America’s failure (and, for that matter, the Communists’ military disaster that was Tet) came from an all-to-common driver amongst military leaders. It is a concept akin to what the French call élan vital; an idea that positive attitude is the key to military success, perhaps overriding other mundane factors such as manpower, logistics, and preparation. Westmoreland was unshakable in his optimism that the war’s turning point, the final push to victory, was months away. To sustain that can-do stance, the field leaders were encouraged to create the data to back up the “vision,” even if that data was exaggerated (at best). Likewise, any communist military leader that pointed out the Tet had no chance of success might find himself purged for having said aloud what anyone should have been able to plainly see.
The stage is set for a disaster. The die is cast.
I am deliberately writing this “review” as my reading has me in the last few hours before the commencement of the Tet holiday attacks, before I’ve arrived at the meat of the book. Like the VC forces, who had to wait for their signal, I only want to surge ahead when I’ve mentally coordinated my thoughts. Yet from where I am at the moment, I’ll leave you with a couple of more comments.
Once I realized that this was the Black Hawk Down author, even before I had got anywhere with my reading, I began to wonder if that had implications about the making of a Hue movie; an adaptation of this book for the screen. Sure enough, rumors circulating in 2017 suggested that Michael Mann had signed on to direct a picture; presumably a somewhat-fictionalized, action-driven film in the mold of Black Hawk Down. Current information on IMDb points to a TV miniseries, probably done as a documentary. We may even see this soon.
By the way… while I’m on the topic of other authors and other works.
I am reading Hue 1968 as an ebook. This ebook format (or maybe it’s my reader software) really handles the endnotes well. Note numbers are hyperlinked and poking one pops up a smaller window with the endnote text; sometimes citations and sometimes illuminating additions. It makes it very easy to glance at a note without breaking one’s reading stride and, therefore, makes it more likely that I’ll actually read them.
In one case, I popped open a note to find it was simply a citation of a work from which the “fact” had been drawn.

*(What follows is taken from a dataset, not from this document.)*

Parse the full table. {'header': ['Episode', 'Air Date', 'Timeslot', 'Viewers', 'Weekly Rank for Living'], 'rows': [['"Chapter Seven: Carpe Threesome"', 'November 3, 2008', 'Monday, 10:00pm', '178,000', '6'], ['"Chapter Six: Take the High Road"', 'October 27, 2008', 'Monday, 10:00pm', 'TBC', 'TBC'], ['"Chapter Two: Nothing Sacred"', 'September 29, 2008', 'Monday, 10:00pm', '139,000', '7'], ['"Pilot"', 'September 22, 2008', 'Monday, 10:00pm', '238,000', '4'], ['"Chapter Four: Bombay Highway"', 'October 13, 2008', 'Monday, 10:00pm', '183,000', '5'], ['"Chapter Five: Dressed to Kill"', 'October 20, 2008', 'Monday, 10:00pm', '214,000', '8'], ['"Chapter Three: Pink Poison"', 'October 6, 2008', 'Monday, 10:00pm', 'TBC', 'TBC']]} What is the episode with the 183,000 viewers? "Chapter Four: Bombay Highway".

The author sounded familiar. A few keystrokes in, the Wikipedia search told me my memory was working that night. The cite was for Fire in the Streets: The Battle for Hue, Tet 1968 by Eric Hammel. Hammel wrote Six Days in June: How Israel Won the 1967 Arab-Israeli War, which greatly influenced my perception of the Six Day War. Looking him up also showed me just how much the author has written. He has around three dozen book credits to his name through 2011. Sadly, he passed away in the summer of 2020 at the age of 74. I will have to remember to look for his take on future topics.
Back to Bowden, this looks to be another very well written work. I’ve called the style “journalistic history”; writing that is narrative in form but built from interviews, quotations, and referenceable facts. it combines the informative nature of non-fiction with the compelling reading of the novel. I’m eager to continue on with this exercise.